King Salman is no one’s savior! If anything he has towered a butcher over a broken socio-political landscape - that of a nation his forefathers imprinted their name upon, a tyrant over the destitute - Yemen’s famined orphans, a genocidal monarch over Islam’s disappeared heritage - the Baqee cemetery still lies in ruin before the opulence of al-Saud’s architectural prowess.

King Salman is no one’s savior indeed … merely a manifestation of that we call absolutist theocratism. Let’s not give Caesar what he has not earned, especially since really it is Nero’s folly we are staring at without daring calling it that.

Saudi Arabia we must now admit has not only crossed the Rubicon but actually drunk its water …

Saudi Arabia claimed this July that intense international diplomacy by its ruler, Salman, had been central to ending the standoff at the Noble Sanctuary in Jerusalem.
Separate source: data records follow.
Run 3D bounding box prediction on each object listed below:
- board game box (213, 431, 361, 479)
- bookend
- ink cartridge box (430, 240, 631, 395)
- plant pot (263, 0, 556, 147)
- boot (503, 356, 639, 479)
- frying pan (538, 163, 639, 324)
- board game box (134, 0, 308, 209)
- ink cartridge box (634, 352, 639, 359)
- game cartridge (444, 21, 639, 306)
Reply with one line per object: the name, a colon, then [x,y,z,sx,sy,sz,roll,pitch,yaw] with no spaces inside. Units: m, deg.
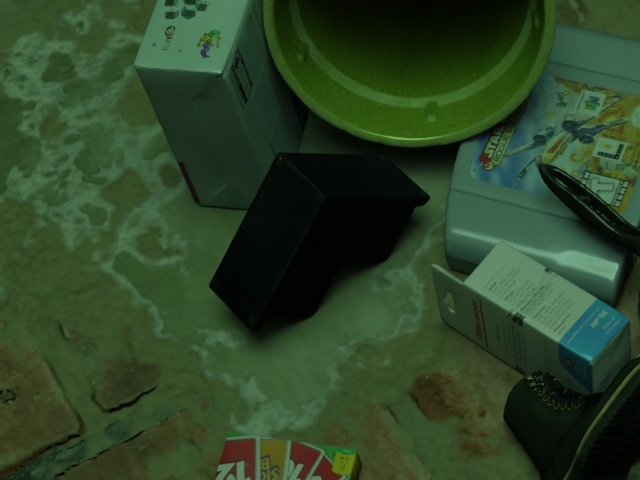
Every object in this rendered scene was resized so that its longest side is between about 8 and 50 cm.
board game box: [-0.054,0.293,1.631,0.124,0.039,0.259,6,60,15]
bookend: [0.000,0.000,1.785,0.157,0.156,0.072,-2,38,-48]
ink cartridge box: [0.190,0.071,1.692,0.180,0.104,0.060,33,68,28]
plant pot: [0.096,-0.273,1.853,0.276,0.276,0.254,-2,33,9]
boot: [0.216,0.137,1.594,0.077,0.198,0.137,-1,44,-31]
frying pan: [0.348,0.032,1.680,0.197,0.053,0.326,-2,49,-29]
board game box: [-0.072,-0.216,1.867,0.097,0.224,0.303,5,57,17]
ink cartridge box: [0.321,0.151,1.645,0.122,0.052,0.088,36,68,28]
game cartridge: [0.239,-0.084,1.822,0.198,0.062,0.297,17,61,16]
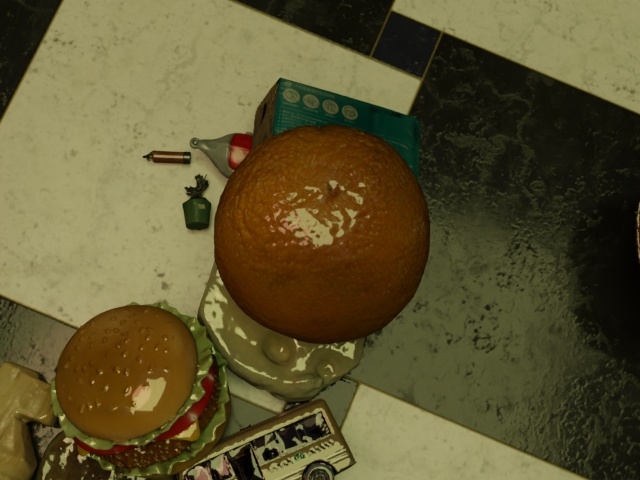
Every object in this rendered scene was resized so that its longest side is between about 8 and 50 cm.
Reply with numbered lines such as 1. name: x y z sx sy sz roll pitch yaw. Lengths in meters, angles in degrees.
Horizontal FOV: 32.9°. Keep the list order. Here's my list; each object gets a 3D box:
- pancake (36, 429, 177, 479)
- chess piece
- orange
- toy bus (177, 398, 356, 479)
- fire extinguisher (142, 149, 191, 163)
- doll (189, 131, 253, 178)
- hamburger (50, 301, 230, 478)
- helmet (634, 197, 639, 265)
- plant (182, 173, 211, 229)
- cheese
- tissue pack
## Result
1. pancake: -0.357 0.410 1.776 0.242 0.050 0.242 1 78 -3
2. chess piece: -0.522 0.347 1.753 0.137 0.137 0.301 18 69 0
3. orange: 0.000 0.000 1.615 0.322 0.357 0.322 2 61 -3
4. toy bus: -0.098 0.372 1.757 0.289 0.139 0.157 -22 77 -9
5. fire extinguisher: -0.271 -0.147 1.911 0.083 0.028 0.022 2 102 -4
6. doll: -0.118 -0.140 1.895 0.227 0.075 0.102 14 63 -11
7. hamburger: -0.284 0.221 1.682 0.274 0.212 0.274 -11 52 14
8. helmet: 0.679 0.022 1.834 0.337 0.230 0.385 -29 83 0
9. plant: -0.216 -0.071 1.889 0.051 0.051 0.102 -1 68 -4
10. cheese: -0.042 0.102 1.829 0.326 0.115 0.318 -25 80 -8
11. tissue pack: 0.021 -0.141 1.835 0.271 0.134 0.192 16 57 -16

In a statement, the Saudi royal court said Salman held "necessary contacts with world leaders on al-Aqsa", which it proclaimed had "culminated in success" - hours after Israeli police relented to people power on the streets of Jerusalem's Old City and removed security checkpoints around the site.
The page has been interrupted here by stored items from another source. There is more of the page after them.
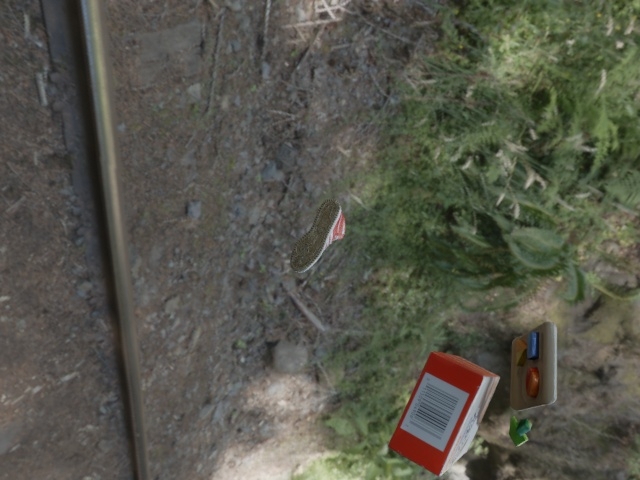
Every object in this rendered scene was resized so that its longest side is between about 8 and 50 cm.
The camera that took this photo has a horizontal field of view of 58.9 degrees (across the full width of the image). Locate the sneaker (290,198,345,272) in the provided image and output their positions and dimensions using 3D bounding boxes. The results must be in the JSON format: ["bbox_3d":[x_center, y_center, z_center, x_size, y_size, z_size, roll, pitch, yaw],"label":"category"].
[{"bbox_3d":[0.000,0.000,0.843,0.118,0.042,0.067,-59,161,-6],"label":"sneaker"}]

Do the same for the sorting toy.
[{"bbox_3d":[0.149,0.104,0.407,0.062,0.012,0.083,106,-5,-69],"label":"sorting toy"}]

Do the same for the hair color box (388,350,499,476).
[{"bbox_3d":[0.126,0.161,0.545,0.093,0.053,0.167,-65,156,-2],"label":"hair color box"}]

The court said Salman's government contacted the U.S. administration and "stressed the need for the return of calm at al-Aqsa mosque and its surroundings, the respect for the sanctity of the place".
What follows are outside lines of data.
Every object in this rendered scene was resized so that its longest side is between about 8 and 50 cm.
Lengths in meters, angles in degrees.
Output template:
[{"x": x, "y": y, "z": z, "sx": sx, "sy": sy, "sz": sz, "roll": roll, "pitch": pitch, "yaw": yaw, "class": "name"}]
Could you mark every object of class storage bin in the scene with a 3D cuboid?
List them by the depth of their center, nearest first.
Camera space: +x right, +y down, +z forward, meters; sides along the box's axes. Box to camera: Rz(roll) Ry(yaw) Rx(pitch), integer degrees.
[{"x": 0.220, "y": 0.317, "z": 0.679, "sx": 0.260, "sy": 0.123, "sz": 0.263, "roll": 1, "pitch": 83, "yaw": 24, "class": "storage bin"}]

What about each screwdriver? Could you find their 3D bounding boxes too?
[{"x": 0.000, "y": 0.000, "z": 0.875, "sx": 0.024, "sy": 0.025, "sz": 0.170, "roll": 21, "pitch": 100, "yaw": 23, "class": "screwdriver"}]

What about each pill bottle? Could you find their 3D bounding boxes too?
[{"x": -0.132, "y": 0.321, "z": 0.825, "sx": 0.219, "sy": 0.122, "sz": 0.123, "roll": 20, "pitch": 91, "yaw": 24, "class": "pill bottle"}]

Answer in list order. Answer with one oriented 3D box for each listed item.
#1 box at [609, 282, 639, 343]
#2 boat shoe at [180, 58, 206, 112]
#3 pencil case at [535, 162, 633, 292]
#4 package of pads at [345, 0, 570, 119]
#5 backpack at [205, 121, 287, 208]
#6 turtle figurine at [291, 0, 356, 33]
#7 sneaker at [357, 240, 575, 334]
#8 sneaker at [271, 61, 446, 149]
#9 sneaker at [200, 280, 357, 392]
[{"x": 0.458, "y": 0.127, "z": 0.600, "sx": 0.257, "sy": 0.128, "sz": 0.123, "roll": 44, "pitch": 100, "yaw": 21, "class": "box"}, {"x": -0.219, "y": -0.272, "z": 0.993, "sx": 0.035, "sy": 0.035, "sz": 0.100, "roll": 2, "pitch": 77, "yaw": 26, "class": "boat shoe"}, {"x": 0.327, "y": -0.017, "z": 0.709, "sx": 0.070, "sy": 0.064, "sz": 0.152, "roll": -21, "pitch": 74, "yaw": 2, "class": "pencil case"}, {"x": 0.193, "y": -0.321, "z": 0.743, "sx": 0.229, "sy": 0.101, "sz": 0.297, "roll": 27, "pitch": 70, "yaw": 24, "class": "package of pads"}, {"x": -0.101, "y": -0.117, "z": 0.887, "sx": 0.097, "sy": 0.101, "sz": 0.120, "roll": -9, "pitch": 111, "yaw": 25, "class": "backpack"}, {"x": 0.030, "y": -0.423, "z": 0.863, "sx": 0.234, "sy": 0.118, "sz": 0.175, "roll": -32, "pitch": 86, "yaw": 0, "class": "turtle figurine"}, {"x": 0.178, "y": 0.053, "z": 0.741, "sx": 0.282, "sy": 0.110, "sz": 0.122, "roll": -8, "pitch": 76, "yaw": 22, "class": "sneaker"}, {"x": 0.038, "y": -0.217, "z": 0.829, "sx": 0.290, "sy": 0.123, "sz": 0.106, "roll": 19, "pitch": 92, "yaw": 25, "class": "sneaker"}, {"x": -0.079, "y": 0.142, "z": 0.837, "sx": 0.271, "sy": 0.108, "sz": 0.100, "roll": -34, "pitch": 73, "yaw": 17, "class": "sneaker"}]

Needless to say that a few people … well actually more than just a few took offense.

And why wouldn’t they when everything Saudi Arabia has stood for of late has translated into bloodshed, destruction, and ideological radicalism? From Saudi Arabia’s grandstanding over Qatar’s reasonable call for oversight over the Hajj pilgrimage to cries of disgust over Riyadh’s vengeful humanitarian blockade of Yemen, and al-Awamiyah organized sectarian cleansing, everything the kingdom has said, done, and called for has flown in the face of human decency … and then there is always international law for those who care little for humanity.

Sarcasm aside let us entertain the idea, only if for a second that Saudi Arabia’s monarch did more than vaguely remember where Palestine figures on the map, can we in all good conscious applaud him for Israel’s retreat?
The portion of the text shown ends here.